Together, they have co-founded Tutero, an edtech startup helping students learn according to their ability, rather than their age.  

Tutero maps the STEM curriculum as an interconnected network of skills, and uses this network to create products for students, teachers and tutors alike, highlighting optimal STEM pathways so a student can either accelerate their learning or map the most efficient way to catch up in the classroom.

“We're in our early-20s so we’ve spent most of our lives learning in schools,” Sonny tells me. “We think it could have been way more fun and engaging.”

“But when we looked at the edtech landscape, we saw no products that were making a big difference to student learning,” Joey adds. “We said, ‘someone's going to build it, why can't it be us?’”

And built it they have.

Tutero is currently facilitating 2,200 hours of data-driven tutoring a month, with plans to scale to 8,000 hours a month in 2023. The team is also bringing in $140k of monthly revenue.
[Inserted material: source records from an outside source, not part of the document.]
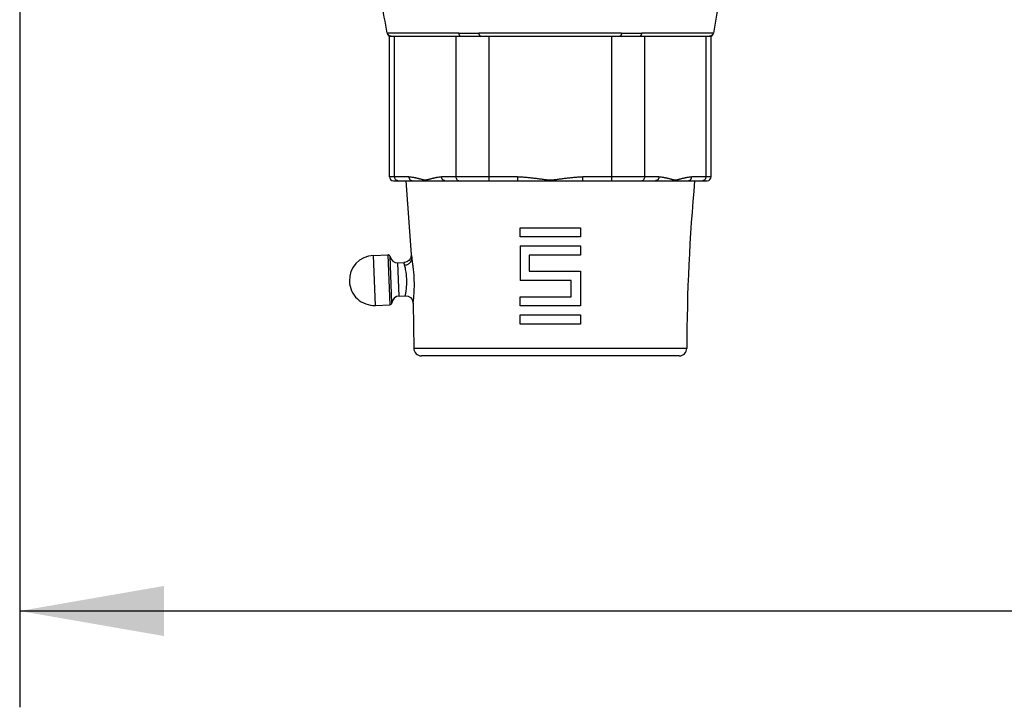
# Model space of a CAD drawing. Header units: inches. Extents: x 0 to 34, y 0 to 22.
# Tile 13 of 27: x 18.8 to 20, y 12 to 12.9. Entities that reach past the tile are written whole.
import ezdxf

# ---------------------------------------------------------------- set-up
doc = ezdxf.new("R2010")
doc.units = ezdxf.units.IN
doc.header["$LTSCALE"] = 1.87
doc.header["$MEASUREMENT"] = 0
doc.layers.get('0').update_dxf_attribs({"linetype": 'CONTINUOUS'})
doc.layers.add('DIMENSIONS', color=7, linetype='CONTINUOUS')
doc.styles.get("Standard").update_dxf_attribs({"font": 'txt', "width": 0.8})
doc.dimstyles.new('DIMSTYLE_1', dxfattribs={"dimtxt": 0.125, "dimasz": 0.1875, "dimexe": 0.18, "dimexo": 0.0625, "dimgap": 0.09, "dimtad": 0, "dimtih": 1, "dimtoh": 1, "dimdec": 3, "dimlfac": 2, "dimzin": 4, "dimdsep": 46, "dimtxsty": 'STANDARD', "dimblk": '_FILLED', "dimblk1": '_FILLED', "dimblk2": '_FILLED', "dimcen": 0.09, "dimadec": 0, "dimazin": 0, "dimtp": 0.01, "dimtm": 0.01, "dimtfac": 1, "dimtdec": 3, "dimtofl": 0, "dimtmove": 0, "dimatfit": 3, "dimldrblk": '_FILLED', "dimfxl": 1, "dimtolj": 1, "dimtzin": 4, "dimarcsym": 0})

# ---------------------------------------------------------------- blocks, each defined once
blk = doc.blocks.new('_FILLED')
at = {"color": 0, "linetype": 'ByBlock'}
blk.add_solid([(0, 0), (-1, 0.1736), (-1, -0.1736)], dxfattribs=at)
blk = doc.blocks.new('*D17')
at = {"layer": 'DIMENSIONS', "color": 2, "linetype": 'Continuous'}
for p, q in [((18.7559, 14.0256), (18.7559, 12.0413)), ((25.4488, 14.0256), (25.4488, 12.0413)), ((18.7559, 12.1663), (21.4774, 12.1663)), ((25.4488, 12.1663), (22.7274, 12.1663))]:
    blk.add_line(p, q, dxfattribs=at)
at = {"layer": 'DIMENSIONS', "color": 2, "linetype": 'Continuous', "xscale": 0.1875, "yscale": 0.1875, "zscale": 0.1875, "rotation": 180}
blk.add_blockref('_FILLED', (18.7559, 12.1663), dxfattribs=at)
at = {"layer": 'DIMENSIONS', "color": 2, "linetype": 'Continuous', "xscale": 0.1875, "yscale": 0.1875, "zscale": 0.1875}
blk.add_blockref('_FILLED', (25.4488, 12.1663), dxfattribs=at)
at = {"layer": 'DIMENSIONS', "color": 2, "linetype": 'Continuous', "width": 0.8}
for s, p in [('[', (22.1649, 12.1038)), (']', (22.5649, 12.1038)), ('13.39', (21.5399, 12.1038)), ('340', (22.2649, 12.1038))]:
    blk.add_text(s, height=0.125, dxfattribs=at).set_placement(p)

msp = doc.modelspace()

# ---------------------------------------------------------------- linework, layer by layer
at = {"color": 7, "linetype": 'Continuous'}
for p, q in [((19.32603, 12.91658), (19.23346, 12.91658)), ((19.53747, 12.91658), (19.35232, 12.91658)), ((19.65634, 12.91658), (19.56376, 12.91658)), ((19.23612, 12.91241), (19.65367, 12.91241)), ((19.23612, 12.72991), (19.23612, 12.91241)), ((19.24282, 12.72991), (19.24282, 12.91241)), ((19.32221, 12.91241), (19.32221, 12.72991)), ((19.36551, 12.72491), (19.36551, 12.91241)), ((19.52428, 12.91241), (19.52428, 12.72491)), ((19.56758, 12.72991), (19.56758, 12.91241)), ((19.64697, 12.91241), (19.64697, 12.72991)), ((19.65367, 12.72991), (19.65367, 12.91241)), ((19.26129, 12.72991), (19.23612, 12.72991)), ((19.24112, 12.72491), (19.64867, 12.72491)), ((19.25752, 12.72491), (19.26433, 12.62889)), ((19.40245, 12.72991), (19.30374, 12.72991)), ((19.40245, 12.72991), (19.40245, 12.72491)), ((19.58605, 12.72991), (19.48735, 12.72991)), ((19.48735, 12.72491), (19.48735, 12.72991)), ((19.65367, 12.72991), (19.6285, 12.72991)), ((19.40583, 12.66385), (19.48396, 12.66385)), ((19.40583, 12.65204), (19.40583, 12.66385)), ((19.48396, 12.66385), (19.48396, 12.65204)), ((19.48396, 12.65204), (19.40583, 12.65204)), ((19.40583, 12.64022), (19.48396, 12.64022)), ((19.40583, 12.64022), (19.40583, 12.59544)), ((19.48396, 12.64022), (19.48396, 12.62841)), ((19.21518, 12.62794), (19.23392, 12.62868)), ((19.21774, 12.56299), (19.21518, 12.62794)), ((19.23392, 12.62868), (19.23648, 12.56373)), ((19.2393, 12.56637), (19.23694, 12.62627)), ((19.26424, 12.62697), (19.26328, 12.62394)), ((19.26433, 12.62889), (19.26424, 12.62697)), ((19.48396, 12.62841), (19.41764, 12.62841)), ((19.41764, 12.62841), (19.41764, 12.60725)), ((19.247, 12.61824), (19.25488, 12.61855)), ((19.2487, 12.57517), (19.247, 12.61824)), ((19.41764, 12.60725), (19.48396, 12.60725)), ((19.48396, 12.60725), (19.48396, 12.56247)), ((19.47215, 12.59544), (19.40583, 12.59544)), ((19.47215, 12.57428), (19.47215, 12.59544)), ((19.2487, 12.57517), (19.25658, 12.57548)), ((19.40583, 12.57428), (19.47215, 12.57428)), ((19.40583, 12.56247), (19.40583, 12.57428)), ((19.21774, 12.56299), (19.23648, 12.56373)), ((19.26681, 12.56591), (19.26771, 12.50721)), ((19.48396, 12.56247), (19.40583, 12.56247)), ((19.40583, 12.55066), (19.48396, 12.55066)), ((19.40583, 12.53885), (19.40583, 12.55066)), ((19.48396, 12.55066), (19.48396, 12.53885)), ((19.48396, 12.53885), (19.40583, 12.53885)), ((19.62208, 12.50721), (19.26771, 12.50721)), ((19.61224, 12.49741), (19.27755, 12.49741))]:
    msp.add_line(p, q, dxfattribs=at)
for points in [[(19.23296, 12.91626), (19.23341, 12.91487), (19.23461, 12.91332), (19.23612, 12.91241)], [(19.65367, 12.91241), (19.65518, 12.91332), (19.65638, 12.91487), (19.65683, 12.91626)], [(19.26328, 12.62394), (19.26134, 12.62131), (19.25869, 12.61948), (19.25577, 12.61862), (19.25488, 12.61855)], [(19.25658, 12.57548), (19.25747, 12.57547), (19.26044, 12.57485), (19.26323, 12.57324), (19.26536, 12.57078), (19.26656, 12.56784), (19.26681, 12.56591)]]:
    msp.add_lwpolyline(points, dxfattribs=at)
for centre, radius, start, end in [((16.72724, 12.49741), 2.54049, 9.4897, 11.41369), ((22.16255, 12.49741), 2.54049, 168.58631, 170.5103), ((19.24112, 12.72991), 0.005, 180, 270), ((22.16255, 12.49741), 2.54049, 174.8623, 179.77888), ((19.64867, 12.72991), 0.005, 270, 360), ((19.21646, 12.59549), 0.03248, 92.25589, 182.25589), ((19.23404, 12.62573), 0.00295, 10.54773, 92.25589), ((19.24661, 12.62807), 0.00984, 190.54773, 272.25589), ((19.21646, 12.59545), 0.03248, 182.25589, 272.25589), ((19.24909, 12.56534), 0.00984, 92.25589, 173.96404), ((19.23636, 12.56668), 0.00295, 272.25589, 353.96404), ((19.27755, 12.50725), 0.00984, 180.22112, 270), ((19.61224, 12.50725), 0.00984, 270, 359.77888)]:
    msp.add_arc(centre, radius, start, end, dxfattribs=at)
for points, knots in [([(19.23296, 12.91626), (19.23296, 12.91627), (19.23296, 12.91627), (19.23297, 12.91629), (19.23299, 12.91632), (19.23303, 12.91637), (19.2331, 12.91645), (19.2332, 12.91653), (19.23333, 12.91659), (19.23341, 12.9166), (19.23345, 12.9166), (19.23346, 12.9166)], [0, 0, 0, 0, 0.0000071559, 0.00002070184, 0.00005866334, 0.00011750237, 0.00019408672, 0.00038558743, 0.00049713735, 0.00062302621, 0.00062489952, 0.00062489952, 0.00062489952, 0.00062489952]), ([(19.23837, 12.91241), (19.23781, 12.91241), (19.23694, 12.91256), (19.23587, 12.91305), (19.23513, 12.91358), (19.23449, 12.91423), (19.23384, 12.9152), (19.23355, 12.91603), (19.23346, 12.91658)], [0, 0, 0, 0, 0.0016916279, 0.0025893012, 0.0035016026, 0.0044141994, 0.0053126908, 0.0069935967, 0.0069935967, 0.0069935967, 0.0069935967]), ([(19.32603, 12.9166), (19.32709, 12.9166), (19.32922, 12.91655), (19.33188, 12.91644), (19.33404, 12.91636), (19.33566, 12.91631), (19.3373, 12.91628), (19.33894, 12.91627), (19.34058, 12.91628), (19.34224, 12.91631), (19.3439, 12.91636), (19.34613, 12.91644), (19.34893, 12.91655), (19.35119, 12.9166), (19.35232, 12.9166)], [0, 0, 0, 0, 0.003174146, 0.006389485, 0.008009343, 0.009636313, 0.011269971, 0.012910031, 0.01455655, 0.016210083, 0.017871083, 0.019539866, 0.022902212, 0.026301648, 0.026301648, 0.026301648, 0.026301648]), ([(19.32603, 12.91658), (19.32605, 12.91632), (19.32613, 12.91578), (19.32632, 12.915), (19.3266, 12.91426), (19.32695, 12.91361), (19.32737, 12.91308), (19.32782, 12.91269), (19.32831, 12.91246), (19.32864, 12.91241), (19.32879, 12.91241)], [0, 0, 0, 0, 0.0008069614, 0.0016192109, 0.0024160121, 0.0031612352, 0.0038332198, 0.0044263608, 0.0049467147, 0.0054168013, 0.0054168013, 0.0054168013, 0.0054168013]), ([(19.35448, 12.91241), (19.35435, 12.91241), (19.35409, 12.91246), (19.35371, 12.9127), (19.35335, 12.91309), (19.35303, 12.91362), (19.35276, 12.91427), (19.35255, 12.915), (19.3524, 12.91578), (19.35234, 12.91632), (19.35232, 12.91658)], [0, 0, 0, 0, 0.0003686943, 0.0007964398, 0.0013153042, 0.0019335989, 0.0026441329, 0.0034209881, 0.0042239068, 0.0050277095, 0.0050277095, 0.0050277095, 0.0050277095]), ([(19.53747, 12.91658), (19.53745, 12.91632), (19.53739, 12.91578), (19.53724, 12.915), (19.53703, 12.91427), (19.53676, 12.91362), (19.53644, 12.91309), (19.53609, 12.9127), (19.53571, 12.91246), (19.53544, 12.91241), (19.53532, 12.91241)], [0, 0, 0, 0, 0.0008038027, 0.0016067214, 0.0023835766, 0.0030941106, 0.0037124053, 0.0042312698, 0.0046590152, 0.0050277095, 0.0050277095, 0.0050277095, 0.0050277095]), ([(19.53747, 12.9166), (19.53861, 12.9166), (19.54086, 12.91655), (19.54367, 12.91644), (19.5459, 12.91636), (19.54757, 12.91631), (19.54922, 12.91628), (19.55087, 12.91627), (19.55251, 12.91628), (19.55414, 12.91631), (19.55576, 12.91636), (19.55792, 12.91644), (19.56058, 12.91655), (19.56271, 12.9166), (19.56376, 12.9166)], [0, 0, 0, 0, 0.003404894, 0.006770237, 0.008439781, 0.010101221, 0.011754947, 0.013401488, 0.015041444, 0.016674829, 0.018301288, 0.019920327, 0.023132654, 0.026301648, 0.026301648, 0.026301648, 0.026301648]), ([(19.561, 12.91241), (19.56115, 12.91241), (19.56149, 12.91246), (19.56197, 12.91269), (19.56243, 12.91308), (19.56284, 12.91361), (19.56319, 12.91426), (19.56347, 12.915), (19.56366, 12.91578), (19.56374, 12.91632), (19.56376, 12.91658)], [0, 0, 0, 0, 0.0004700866, 0.0009904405, 0.0015835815, 0.002255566, 0.0030007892, 0.0037975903, 0.0046098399, 0.0054168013, 0.0054168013, 0.0054168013, 0.0054168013]), ([(19.65634, 12.91658), (19.65625, 12.91603), (19.65596, 12.9152), (19.6553, 12.91423), (19.65467, 12.91358), (19.65392, 12.91305), (19.65286, 12.91256), (19.65198, 12.91241), (19.65142, 12.91241)], [0, 0, 0, 0, 0.001680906, 0.0025793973, 0.0034919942, 0.0044042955, 0.0053019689, 0.0069935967, 0.0069935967, 0.0069935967, 0.0069935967]), ([(19.65634, 12.9166), (19.65634, 12.9166), (19.65638, 12.9166), (19.65646, 12.91659), (19.6566, 12.91653), (19.65669, 12.91645), (19.65677, 12.91637), (19.6568, 12.91632), (19.65682, 12.91629), (19.65683, 12.91627), (19.65683, 12.91627), (19.65683, 12.91626)], [0, 0, 0, 0, 0.00000187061, 0.00012797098, 0.00023964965, 0.0004312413, 0.00050777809, 0.00056652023, 0.00060434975, 0.00061774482, 0.00062489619, 0.00062489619, 0.00062489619, 0.00062489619]), ([(19.24715, 12.72491), (19.24659, 12.72491), (19.24541, 12.72519), (19.24398, 12.72632), (19.24304, 12.72798), (19.24282, 12.72926), (19.24282, 12.72991)], [0, 0, 0, 0, 0.0017002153, 0.0034745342, 0.0053486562, 0.0072902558, 0.0072902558, 0.0072902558, 0.0072902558]), ([(19.26129, 12.72991), (19.26218, 12.72991), (19.26397, 12.72982), (19.26619, 12.72952), (19.26796, 12.72921), (19.26928, 12.72894), (19.27061, 12.72865), (19.27193, 12.72833), (19.27326, 12.728), (19.27458, 12.72765), (19.27591, 12.7273), (19.27723, 12.72695), (19.27855, 12.72661), (19.27988, 12.7263), (19.28121, 12.72609), (19.28255, 12.72601), (19.28389, 12.7261), (19.28522, 12.72632), (19.28654, 12.72662), (19.28785, 12.72696), (19.28917, 12.72731), (19.29049, 12.72766), (19.29181, 12.72801), (19.29313, 12.72834), (19.29445, 12.72866), (19.29577, 12.72895), (19.2971, 12.72922), (19.29886, 12.72952), (19.30107, 12.72982), (19.30285, 12.72991), (19.30374, 12.72991)], [0, 0, 0, 0, 0.002673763, 0.00535837, 0.006707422, 0.008061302, 0.009419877, 0.010782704, 0.012149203, 0.013518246, 0.014888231, 0.01625748, 0.017625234, 0.018985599, 0.020332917, 0.021670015, 0.023005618, 0.02434895, 0.025703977, 0.027066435, 0.028430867, 0.029795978, 0.031160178, 0.032521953, 0.033880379, 0.035235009, 0.036585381, 0.037931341, 0.040609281, 0.043273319, 0.043273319, 0.043273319, 0.043273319]), ([(19.26129, 12.72991), (19.26129, 12.72929), (19.26145, 12.72833), (19.26197, 12.72716), (19.26253, 12.72636), (19.26322, 12.72571), (19.264, 12.72524), (19.26481, 12.72497), (19.26536, 12.72491), (19.26562, 12.72491)], [0, 0, 0, 0, 0.0018619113, 0.0028443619, 0.0038219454, 0.0047709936, 0.005675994, 0.0065249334, 0.0073185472, 0.0073185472, 0.0073185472, 0.0073185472]), ([(19.30807, 12.72491), (19.30781, 12.72491), (19.30726, 12.72497), (19.30645, 12.72524), (19.30567, 12.72571), (19.30498, 12.72636), (19.30442, 12.72716), (19.3039, 12.72833), (19.30374, 12.72929), (19.30374, 12.72991)], [0, 0, 0, 0, 0.0007936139, 0.0016425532, 0.0025475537, 0.0034966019, 0.0044741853, 0.0054566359, 0.0073185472, 0.0073185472, 0.0073185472, 0.0073185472]), ([(19.32221, 12.72991), (19.32221, 12.72926), (19.32243, 12.72798), (19.32336, 12.72632), (19.3248, 12.72519), (19.32597, 12.72491), (19.32654, 12.72491)], [0, 0, 0, 0, 0.0019415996, 0.0038157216, 0.0055900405, 0.0072902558, 0.0072902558, 0.0072902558, 0.0072902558]), ([(19.40245, 12.72991), (19.40423, 12.72991), (19.40779, 12.72982), (19.41223, 12.72952), (19.41577, 12.72921), (19.41843, 12.72895), (19.42108, 12.72865), (19.42373, 12.72833), (19.42638, 12.728), (19.42903, 12.72765), (19.43167, 12.7273), (19.43432, 12.72695), (19.43697, 12.7266), (19.43963, 12.7263), (19.44229, 12.72609), (19.44496, 12.72601), (19.44763, 12.7261), (19.45028, 12.72631), (19.45293, 12.72662), (19.45557, 12.72696), (19.45821, 12.72731), (19.46085, 12.72766), (19.46348, 12.72801), (19.46612, 12.72834), (19.46877, 12.72866), (19.47141, 12.72895), (19.47406, 12.72922), (19.4776, 12.72953), (19.48202, 12.72982), (19.48557, 12.72991), (19.48735, 12.72991)], [0, 0, 0, 0, 0.005342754, 0.010678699, 0.013346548, 0.016014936, 0.01868409, 0.021354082, 0.02402477, 0.026695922, 0.029367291, 0.03203859, 0.034711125, 0.037383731, 0.040054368, 0.042725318, 0.04539266, 0.0480543, 0.050715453, 0.053377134, 0.056038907, 0.058700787, 0.061362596, 0.064024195, 0.06668571, 0.069347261, 0.072008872, 0.074670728, 0.079993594, 0.085316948, 0.085316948, 0.085316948, 0.085316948]), ([(19.56325, 12.72491), (19.56382, 12.72491), (19.56499, 12.72519), (19.56643, 12.72632), (19.56737, 12.72798), (19.56758, 12.72926), (19.56758, 12.72991)], [0, 0, 0, 0, 0.0017002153, 0.0034745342, 0.0053486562, 0.0072902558, 0.0072902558, 0.0072902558, 0.0072902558]), ([(19.58605, 12.72991), (19.58605, 12.72929), (19.5859, 12.72833), (19.58537, 12.72716), (19.58482, 12.72636), (19.58412, 12.72571), (19.58335, 12.72524), (19.58253, 12.72497), (19.58199, 12.72491), (19.58172, 12.72491)], [0, 0, 0, 0, 0.0018619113, 0.0028443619, 0.0038219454, 0.0047709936, 0.005675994, 0.0065249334, 0.0073185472, 0.0073185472, 0.0073185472, 0.0073185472]), ([(19.58605, 12.72991), (19.58694, 12.72991), (19.58873, 12.72982), (19.59095, 12.72952), (19.59272, 12.72921), (19.59404, 12.72894), (19.59537, 12.72865), (19.59669, 12.72833), (19.59802, 12.728), (19.59934, 12.72765), (19.60066, 12.7273), (19.60199, 12.72695), (19.60331, 12.72661), (19.60464, 12.7263), (19.60597, 12.72609), (19.60731, 12.72601), (19.60865, 12.7261), (19.60998, 12.72632), (19.6113, 12.72662), (19.61261, 12.72696), (19.61393, 12.72731), (19.61525, 12.72766), (19.61657, 12.72801), (19.61789, 12.72834), (19.61921, 12.72866), (19.62053, 12.72895), (19.62186, 12.72922), (19.62362, 12.72952), (19.62583, 12.72982), (19.62761, 12.72991), (19.6285, 12.72991)], [0, 0, 0, 0, 0.002673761, 0.005358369, 0.006707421, 0.008061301, 0.009419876, 0.010782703, 0.012149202, 0.013518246, 0.014888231, 0.01625748, 0.017625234, 0.018985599, 0.020332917, 0.021670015, 0.023005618, 0.02434895, 0.025703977, 0.027066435, 0.028430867, 0.029795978, 0.031160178, 0.032521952, 0.033880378, 0.035235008, 0.03658538, 0.03793134, 0.040609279, 0.043273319, 0.043273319, 0.043273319, 0.043273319]), ([(19.62417, 12.72491), (19.62444, 12.72491), (19.62498, 12.72497), (19.6258, 12.72524), (19.62657, 12.72571), (19.62727, 12.72636), (19.62782, 12.72716), (19.62835, 12.72833), (19.6285, 12.72929), (19.6285, 12.72991)], [0, 0, 0, 0, 0.0007936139, 0.0016425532, 0.0025475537, 0.0034966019, 0.0044741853, 0.0054566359, 0.0073185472, 0.0073185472, 0.0073185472, 0.0073185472]), ([(19.64697, 12.72991), (19.64697, 12.72926), (19.64675, 12.72798), (19.64581, 12.72632), (19.64438, 12.72519), (19.64321, 12.72491), (19.64264, 12.72491)], [0, 0, 0, 0, 0.0019415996, 0.0038157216, 0.0055900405, 0.0072902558, 0.0072902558, 0.0072902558, 0.0072902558]), ([(19.25579, 12.61532), (19.25638, 12.61537), (19.25757, 12.61556), (19.25932, 12.61613), (19.26101, 12.617), (19.26251, 12.61815), (19.26355, 12.61932), (19.2642, 12.62032), (19.26472, 12.62133), (19.26514, 12.62261), (19.26525, 12.62366), (19.26526, 12.62416)], [0, 0, 0, 0, 0.0017575, 0.003606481, 0.005514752, 0.007417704, 0.009263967, 0.010154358, 0.01101697, 0.012646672, 0.014157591, 0.014157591, 0.014157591, 0.014157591]), ([(19.26433, 12.62889), (19.26436, 12.62875), (19.26449, 12.62808), (19.26482, 12.62651), (19.26509, 12.62507), (19.26526, 12.62416)], [0, 0, 0, 0, 0.0004308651, 0.0020490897, 0.0048232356, 0.0048232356, 0.0048232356, 0.0048232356]), ([(19.26681, 12.56591), (19.26685, 12.56624), (19.26702, 12.56755), (19.26736, 12.57049), (19.26782, 12.57525), (19.26823, 12.58153), (19.26844, 12.5889), (19.26833, 12.59684), (19.26787, 12.6048), (19.26711, 12.61222), (19.26622, 12.61862), (19.26557, 12.62248), (19.26526, 12.62416)], [0, 0, 0, 0, 0.000981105, 0.003978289, 0.00887747, 0.015324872, 0.022857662, 0.030978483, 0.03913391, 0.046769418, 0.053372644, 0.058504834, 0.058504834, 0.058504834, 0.058504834]), ([(19.25579, 12.61532), (19.25563, 12.61594), (19.25536, 12.61693), (19.25505, 12.618), (19.25491, 12.61845), (19.25488, 12.61855)], [0, 0, 0, 0, 0.0019267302, 0.0030528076, 0.0033519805, 0.0033519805, 0.0033519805, 0.0033519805]), ([(19.25658, 12.57548), (19.25658, 12.57549), (19.25662, 12.57567), (19.25671, 12.57606), (19.25684, 12.5767), (19.25708, 12.57786), (19.25743, 12.57976), (19.25785, 12.58252), (19.25825, 12.58584), (19.25854, 12.58959), (19.25863, 12.59293), (19.2586, 12.5957), (19.2585, 12.5985), (19.25829, 12.60129), (19.25799, 12.60401), (19.25764, 12.60655), (19.25714, 12.60947), (19.25648, 12.61258), (19.25601, 12.61447), (19.25579, 12.61532)], [0, 0, 0, 0, 0.000011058, 0.000581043, 0.001180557, 0.001981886, 0.004139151, 0.006968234, 0.010350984, 0.014171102, 0.01825244, 0.020359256, 0.022474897, 0.02668083, 0.028723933, 0.030691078, 0.034386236, 0.037600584, 0.040230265, 0.040230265, 0.040230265, 0.040230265])]:
    msp.add_open_spline(points, degree=3, knots=knots, dxfattribs=at)

# ---------------------------------------------------------------- dimensions: what is measured, and where the dimension line sits
at = {"layer": 'DIMENSIONS', "color": 2, "linetype": 'Continuous'}
dim = msp.add_linear_dim(base=(18.75592, 12.16627), p1=(25.44883, 14.02564), p2=(18.75592, 14.02564), angle=180, dimstyle='DIMSTYLE_1', dxfattribs=at)
dim.commit()
dim.dimension.update_dxf_attribs({"geometry": '*D17', "text_midpoint": (22.10238, 12.16627), "dimtype": 160})

doc.saveas('drawing.dxf')

By all accounts, this trio is unstoppable. Joey is the business brains, Sonny is the full-stack-trained generalist and Richard is the engineering prodigy. This is what those in the biz call ‘a triple threat’.

“We're shortly releasing our teacher app, and a big focus over the next 12 months will be iterating with speed and growing the user base. Another area of focus is scaling our tutoring,” Joey shares.

“We have a lot of ambition from both a product development and a growth perspective.”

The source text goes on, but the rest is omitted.